* _EXERCISE GOAL_
For this exercise, transcribe all the entries exactly as given and omit the images.
'''
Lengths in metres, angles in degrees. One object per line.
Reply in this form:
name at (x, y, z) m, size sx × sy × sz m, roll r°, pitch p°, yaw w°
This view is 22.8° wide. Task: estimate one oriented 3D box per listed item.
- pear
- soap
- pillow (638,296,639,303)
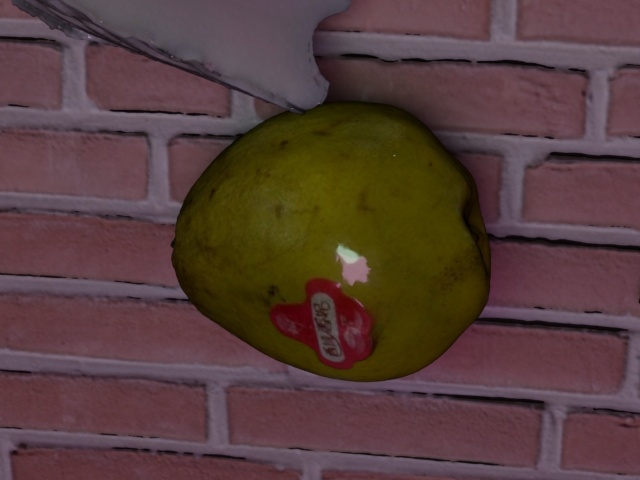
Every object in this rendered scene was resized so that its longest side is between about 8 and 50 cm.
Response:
pear at (0.000, 0.000, 1.630) m, size 0.375 × 0.287 × 0.287 m, roll -1°, pitch 113°, yaw 29°
soap at (-0.146, -0.256, 1.498) m, size 0.302 × 0.258 × 0.159 m, roll 17°, pitch 83°, yaw 18°
pillow at (0.458, -0.009, 1.675) m, size 0.212 × 0.052 × 0.208 m, roll 7°, pitch 116°, yaw 5°
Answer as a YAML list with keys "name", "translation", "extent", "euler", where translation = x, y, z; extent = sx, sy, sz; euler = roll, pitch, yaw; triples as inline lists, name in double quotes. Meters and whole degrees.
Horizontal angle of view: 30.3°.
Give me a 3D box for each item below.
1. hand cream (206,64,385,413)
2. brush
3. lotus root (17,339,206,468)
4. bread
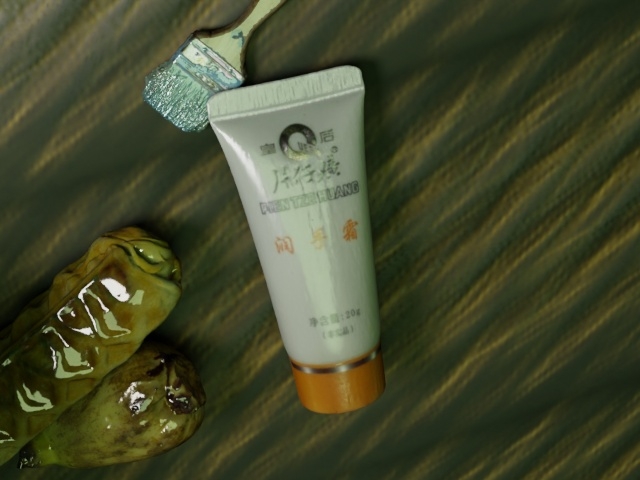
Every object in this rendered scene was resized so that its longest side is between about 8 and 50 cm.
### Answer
- name: "hand cream"
  translation: [0.000, 0.000, 1.081]
  extent: [0.139, 0.089, 0.314]
  euler: [-15, 109, -4]
- name: "brush"
  translation: [-0.071, -0.178, 1.017]
  extent: [0.070, 0.021, 0.196]
  euler: [39, 102, -22]
- name: "lotus root"
  translation: [-0.199, 0.165, 1.121]
  extent: [0.190, 0.094, 0.108]
  euler: [-24, 97, 12]
- name: "bread"
  translation: [-0.233, 0.092, 1.074]
  extent: [0.269, 0.098, 0.087]
  euler: [-42, 125, 10]
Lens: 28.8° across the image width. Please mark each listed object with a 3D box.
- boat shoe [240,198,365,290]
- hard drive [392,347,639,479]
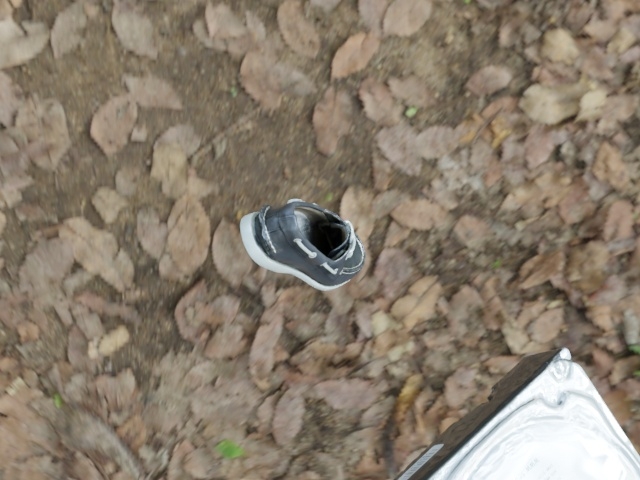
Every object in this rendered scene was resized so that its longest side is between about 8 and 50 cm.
[{"bbox_3d":[0.000,0.000,0.758,0.038,0.125,0.046,-22,68,26],"label":"boat shoe"},{"bbox_3d":[0.202,0.288,0.991,0.237,0.064,0.339,-36,96,-31],"label":"hard drive"}]
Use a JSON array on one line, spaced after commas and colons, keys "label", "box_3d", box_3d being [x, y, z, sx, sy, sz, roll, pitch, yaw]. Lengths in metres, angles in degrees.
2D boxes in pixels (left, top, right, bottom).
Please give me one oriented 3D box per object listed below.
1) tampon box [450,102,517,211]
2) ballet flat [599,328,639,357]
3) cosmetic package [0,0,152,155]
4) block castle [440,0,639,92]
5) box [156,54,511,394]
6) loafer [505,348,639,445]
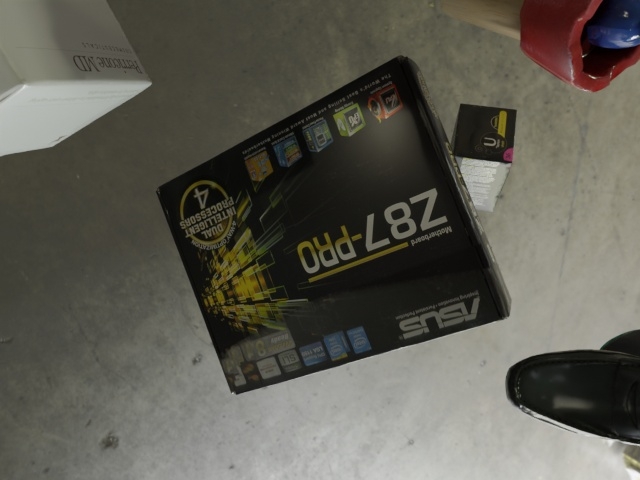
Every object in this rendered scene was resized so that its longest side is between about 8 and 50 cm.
[{"label": "tampon box", "box_3d": [0.289, -0.149, 0.924, 0.161, 0.101, 0.121, 80, 22, -62]}, {"label": "ballet flat", "box_3d": [0.394, 0.133, 0.551, 0.203, 0.074, 0.074, 4, 102, -28]}, {"label": "cosmetic package", "box_3d": [-0.327, -0.258, 0.405, 0.155, 0.197, 0.366, -25, 103, 15]}, {"label": "block castle", "box_3d": [0.296, -0.318, 0.316, 0.453, 0.213, 0.303, -31, 135, -11]}, {"label": "box", "box_3d": [0.000, 0.000, 0.662, 0.097, 0.394, 0.318, -21, 90, -66]}, {"label": "loafer", "box_3d": [0.271, 0.130, 0.411, 0.078, 0.223, 0.076, 43, 53, -69]}]
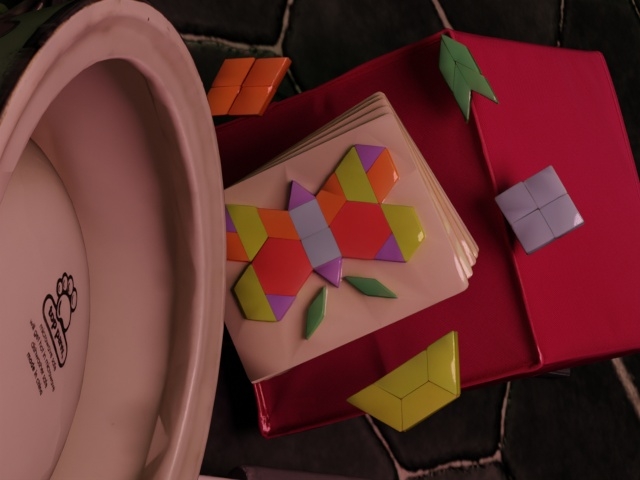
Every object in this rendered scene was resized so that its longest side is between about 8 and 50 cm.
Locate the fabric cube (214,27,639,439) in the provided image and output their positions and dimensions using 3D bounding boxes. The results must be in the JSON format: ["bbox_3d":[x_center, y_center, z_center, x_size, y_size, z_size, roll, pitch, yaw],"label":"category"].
[{"bbox_3d":[0.092,-0.002,1.261,0.258,0.259,0.254,-5,80,-56],"label":"fabric cube"}]

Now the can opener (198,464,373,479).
[{"bbox_3d":[-0.060,0.178,1.186,0.280,0.074,0.093,20,62,-44],"label":"can opener"}]

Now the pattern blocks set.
[{"bbox_3d":[0.000,0.000,1.099,0.285,0.325,0.026,51,8,11],"label":"pattern blocks set"}]

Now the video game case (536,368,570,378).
[{"bbox_3d":[0.167,-0.008,1.553,0.196,0.026,0.274,12,67,-46],"label":"video game case"}]

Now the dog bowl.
[{"bbox_3d":[-0.187,0.060,0.906,0.408,0.150,0.407,5,90,-75],"label":"dog bowl"}]

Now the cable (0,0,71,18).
[{"bbox_3d":[-0.201,-0.149,1.145,0.139,0.072,0.287,20,41,-31],"label":"cable"}]

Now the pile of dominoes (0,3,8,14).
[{"bbox_3d":[-0.264,-0.117,1.083,0.196,0.040,0.251,-28,99,-50],"label":"pile of dominoes"}]
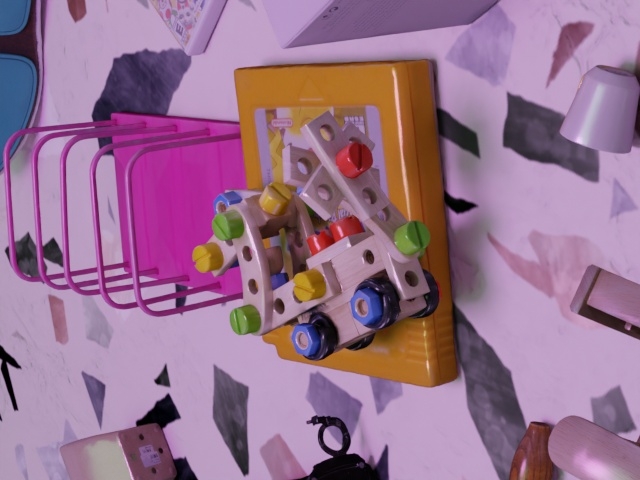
'''
* _RESULT BELOW_
Lengths in metres, angles in degrees. One object per line.
Reply in this form:
name at (x, y, z) m, size sx × sy × sz m, roll r°, pitch p°, yaw w°
This view is 22.8° wide. Task: estimate one oriented 3D box per listed item.
- pear
- soap
- pillow (638,296,639,303)
Every object in this rendered scene was resized so that its longest side is between about 8 and 50 cm.
Response:
pear at (0.000, 0.000, 1.630) m, size 0.375 × 0.287 × 0.287 m, roll -1°, pitch 113°, yaw 29°
soap at (-0.146, -0.256, 1.498) m, size 0.302 × 0.258 × 0.159 m, roll 17°, pitch 83°, yaw 18°
pillow at (0.458, -0.009, 1.675) m, size 0.212 × 0.052 × 0.208 m, roll 7°, pitch 116°, yaw 5°
Answer as a YAML list with keys "name", "translation", "extent", "euler", where translation = x, y, z; extent = sx, sy, sz; euler = roll, pitch, yaw; triples as inline lists, name in double quotes. Meters and whole degrees.
Horizontal angle of view: 30.3°.
Give me a 3D box for each item below.
1. hand cream (206,64,385,413)
2. brush
3. lotus root (17,339,206,468)
4. bread
Every object in this rendered scene was resized so that its longest side is between about 8 and 50 cm.
### Answer
- name: "hand cream"
  translation: [0.000, 0.000, 1.081]
  extent: [0.139, 0.089, 0.314]
  euler: [-15, 109, -4]
- name: "brush"
  translation: [-0.071, -0.178, 1.017]
  extent: [0.070, 0.021, 0.196]
  euler: [39, 102, -22]
- name: "lotus root"
  translation: [-0.199, 0.165, 1.121]
  extent: [0.190, 0.094, 0.108]
  euler: [-24, 97, 12]
- name: "bread"
  translation: [-0.233, 0.092, 1.074]
  extent: [0.269, 0.098, 0.087]
  euler: [-42, 125, 10]
Lens: 28.8° across the image width. Please mark each listed object with a 3D box.
- boat shoe [240,198,365,290]
- hard drive [392,347,639,479]
Every object in this rendered scene was resized so that its longest side is between about 8 and 50 cm.
[{"bbox_3d":[0.000,0.000,0.758,0.038,0.125,0.046,-22,68,26],"label":"boat shoe"},{"bbox_3d":[0.202,0.288,0.991,0.237,0.064,0.339,-36,96,-31],"label":"hard drive"}]
Use a JSON array on one line, spaced after commas and colons, keys "label", "box_3d", box_3d being [x, y, z, sx, sy, sz, roll, pitch, yaw]. Lengths in metres, angles in degrees.
2D boxes in pixels (left, top, right, bottom).
Please give me one oriented 3D box per object listed below.
1) tampon box [450,102,517,211]
2) ballet flat [599,328,639,357]
3) cosmetic package [0,0,152,155]
4) block castle [440,0,639,92]
5) box [156,54,511,394]
6) loafer [505,348,639,445]
Every object in this rendered scene was resized so that its longest side is between about 8 and 50 cm.
[{"label": "tampon box", "box_3d": [0.289, -0.149, 0.924, 0.161, 0.101, 0.121, 80, 22, -62]}, {"label": "ballet flat", "box_3d": [0.394, 0.133, 0.551, 0.203, 0.074, 0.074, 4, 102, -28]}, {"label": "cosmetic package", "box_3d": [-0.327, -0.258, 0.405, 0.155, 0.197, 0.366, -25, 103, 15]}, {"label": "block castle", "box_3d": [0.296, -0.318, 0.316, 0.453, 0.213, 0.303, -31, 135, -11]}, {"label": "box", "box_3d": [0.000, 0.000, 0.662, 0.097, 0.394, 0.318, -21, 90, -66]}, {"label": "loafer", "box_3d": [0.271, 0.130, 0.411, 0.078, 0.223, 0.076, 43, 53, -69]}]
Every object in this rendered scene was resized so that its longest side is between about 8 and 50 cm.
Locate the fabric cube (214,27,639,439) in the provided image and output their positions and dimensions using 3D bounding boxes. The results must be in the JSON format: ["bbox_3d":[x_center, y_center, z_center, x_size, y_size, z_size, roll, pitch, yaw],"label":"category"].
[{"bbox_3d":[0.092,-0.002,1.261,0.258,0.259,0.254,-5,80,-56],"label":"fabric cube"}]

Now the can opener (198,464,373,479).
[{"bbox_3d":[-0.060,0.178,1.186,0.280,0.074,0.093,20,62,-44],"label":"can opener"}]

Now the pattern blocks set.
[{"bbox_3d":[0.000,0.000,1.099,0.285,0.325,0.026,51,8,11],"label":"pattern blocks set"}]

Now the video game case (536,368,570,378).
[{"bbox_3d":[0.167,-0.008,1.553,0.196,0.026,0.274,12,67,-46],"label":"video game case"}]

Now the dog bowl.
[{"bbox_3d":[-0.187,0.060,0.906,0.408,0.150,0.407,5,90,-75],"label":"dog bowl"}]

Now the cable (0,0,71,18).
[{"bbox_3d":[-0.201,-0.149,1.145,0.139,0.072,0.287,20,41,-31],"label":"cable"}]

Now the pile of dominoes (0,3,8,14).
[{"bbox_3d":[-0.264,-0.117,1.083,0.196,0.040,0.251,-28,99,-50],"label":"pile of dominoes"}]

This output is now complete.